The intersection with ~AlwaysFalsy simplifies to just the non-empty literal.

py
from typing import Literal

def _(x: Literal["foo", ""]):
    if len(x):
        reveal_type(x)  # revealed: Literal["foo"]
    else:
        reveal_type(x)  # revealed: Literal[""]

Bytes literals

py
from typing import Literal

def _(x: Literal[b"foo", b""]):
    if len(x):
        reveal_type(x)  # revealed: Literal[b"foo"]
    else:
        reveal_type(x)  # revealed: Literal[b""]

LiteralString

toml
[environment]
python-version = "3.11"
py
from typing import LiteralString

def _(x: LiteralString):
    if len(x):
        reveal_type(x)  # revealed: LiteralString & ~Literal[""]
    else:
        reveal_type(x)  # revealed: Literal[""]

Tuples

Ideally we'd narrow these types further, e.g. to tuple[int, ...] & ~tuple[()] in the positive case and tuple[()] in the negative case (see https://github.com/astral-sh/ty/issues/560).

py
def _(x: tuple[int, ...]):
    if len(x):
        reveal_type(x)  # revealed: tuple[int, ...] & ~AlwaysFalsy
    else:
        reveal_type(x)  # revealed: tuple[int, ...] & ~AlwaysTruthy

Exact length comparisons

Exact length constraints specialize exact tuple types to the observed length and eliminate types whose encoded length is incompatible with the comparison.

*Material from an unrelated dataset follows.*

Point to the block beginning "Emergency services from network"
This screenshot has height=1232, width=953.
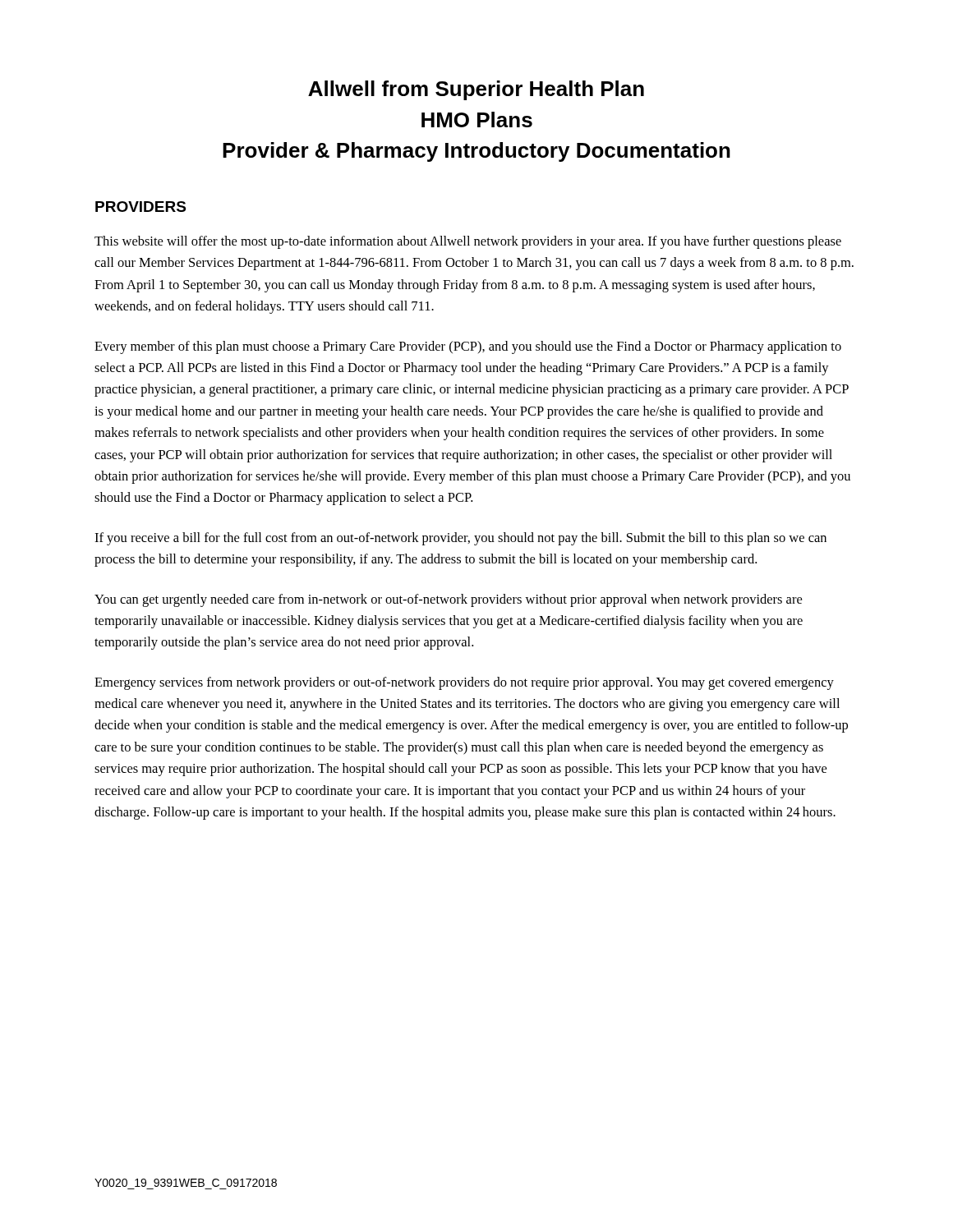471,747

Types that do not encode their length remain unchanged:

toml
[environment]
python-version = "3.11"
py
from typing import Literal, assert_never

def _(val: tuple[int] | tuple[str, str] | tuple[int, *tuple[str, ...], int]):
    if len(val) == 1:
        reveal_type(val)  # revealed: tuple[int]

    if len(val) == 2:
        reveal_type(val)  # revealed: tuple[str, str] | tuple[int, int]

    if len(val) == 3:
        reveal_type(val)  # revealed: tuple[int, str, int]

def _(val: tuple[int] | tuple[str, str]):
    if 1 != len(val):
        reveal_type(val)  # revealed: tuple[str, str]
    else:
        reveal_type(val)  # revealed: tuple[int]

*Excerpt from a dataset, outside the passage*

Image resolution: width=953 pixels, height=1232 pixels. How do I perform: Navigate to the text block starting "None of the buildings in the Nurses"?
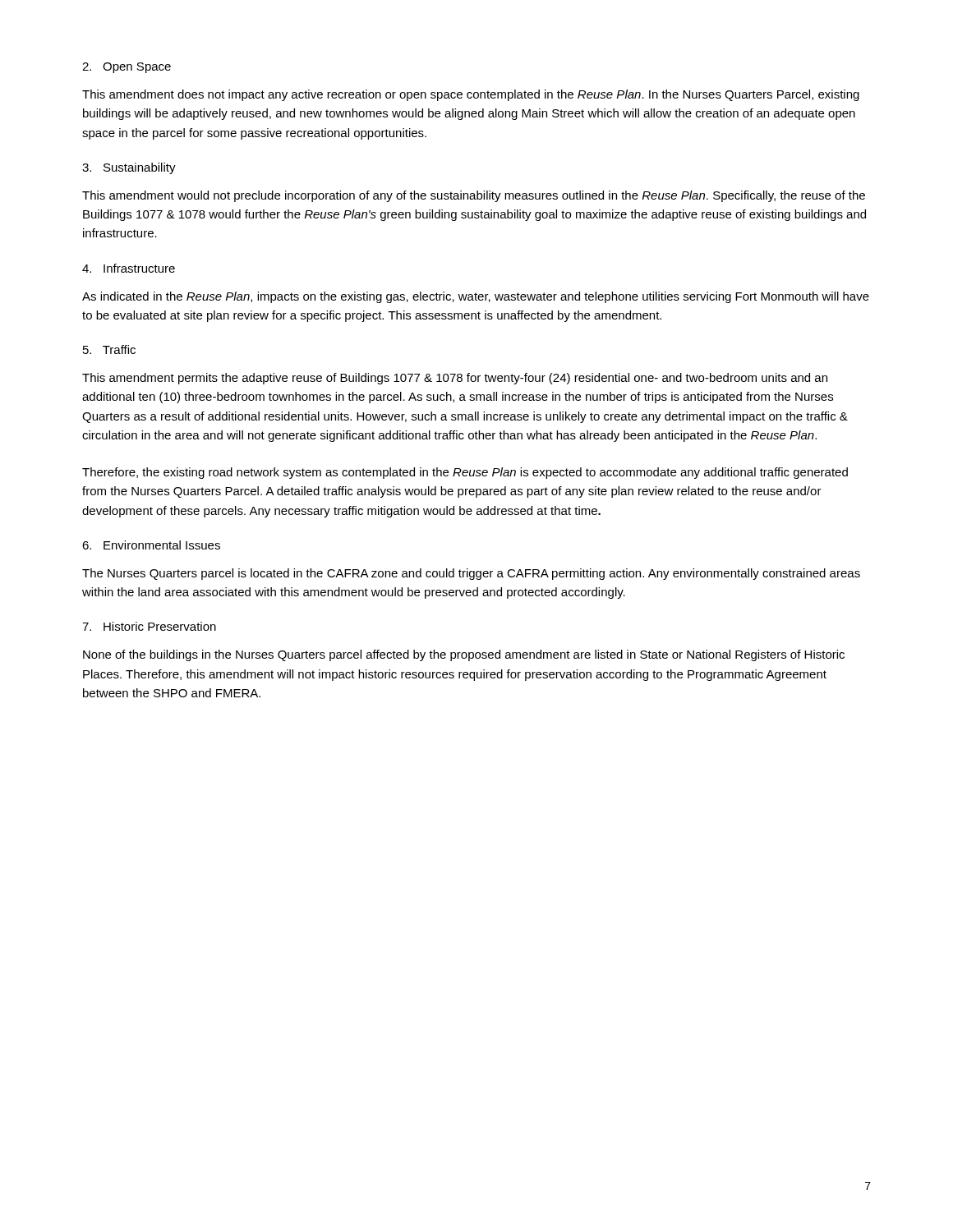pyautogui.click(x=464, y=673)

def _(val: tuple[int, ...]):
    if val and len(val) == 2:
        reveal_type(val)  # revealed: tuple[int, int]

def _(val: tuple[int, ...]):
    if len(val) != 2:
        reveal_type(val)  # revealed: tuple[int, ...]
    else:
        reveal_type(val)  # revealed: tuple[int, int]

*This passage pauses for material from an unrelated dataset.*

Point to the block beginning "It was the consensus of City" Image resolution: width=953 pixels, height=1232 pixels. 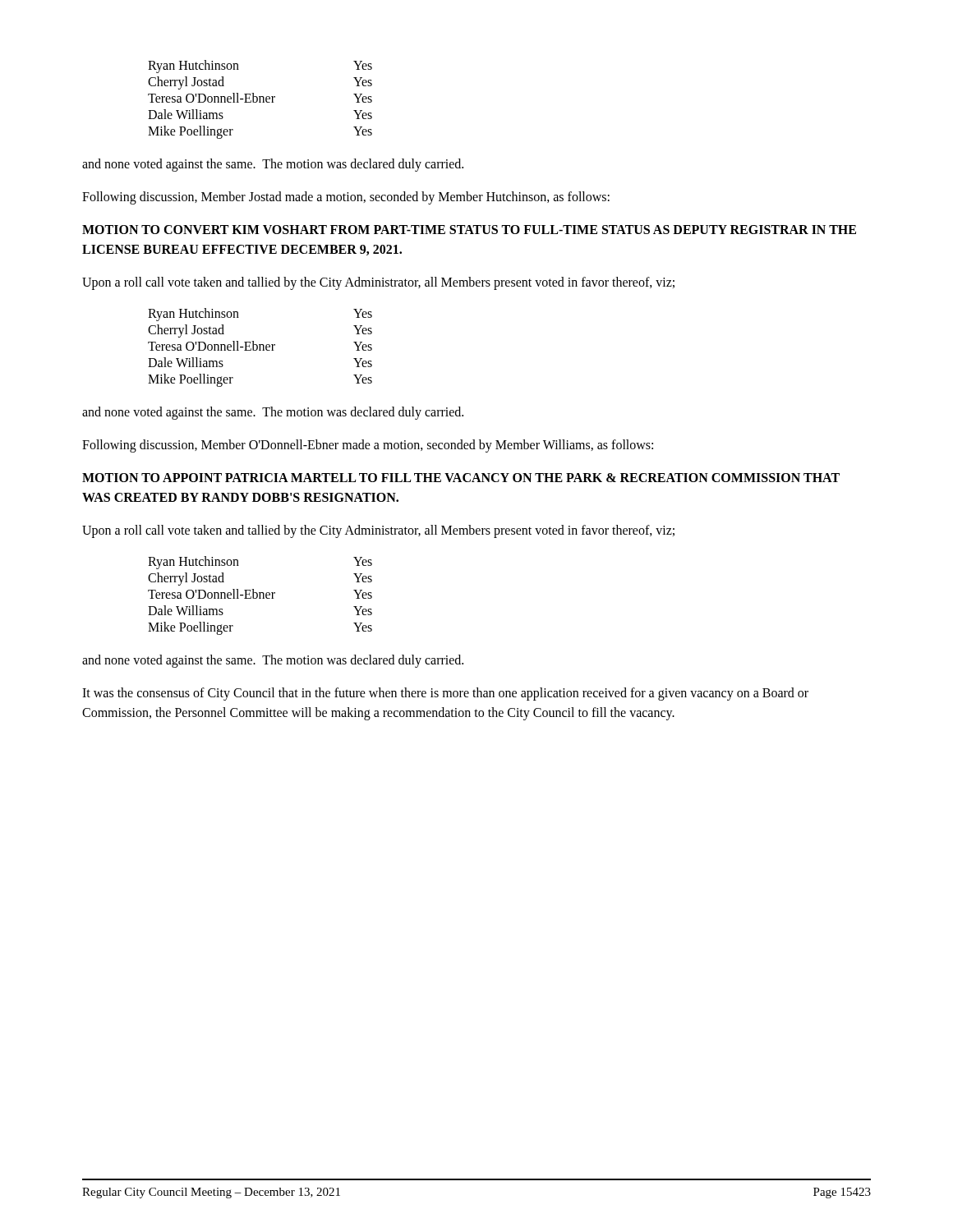(445, 703)

def _(val: tuple[int] | tuple[str, str]):
    if len(val) == True:
        reveal_type(val)  # revealed: tuple[int]
        one: tuple[int] = val

def _(val: tuple[()] | tuple[int]):
    if False == len(val):
        reveal_type(val)  # revealed: tuple[()]
        empty: tuple[()] = val

def _(val: tuple[int]):
    if len(val) == 2:
        assert_never(val)

def _(x: Literal[b"", b"a"], y: Literal["a", "ab"]):
    if len(x) == 1:
        reveal_type(x)  # revealed: Literal[b"a"]
    else:
        reveal_type(x)  # revealed: Literal[b""]

    if len(y) == 1:
        reveal_type(y)  # revealed: Literal["a"]
    else:
        reveal_type(y)  # revealed: Literal["ab"]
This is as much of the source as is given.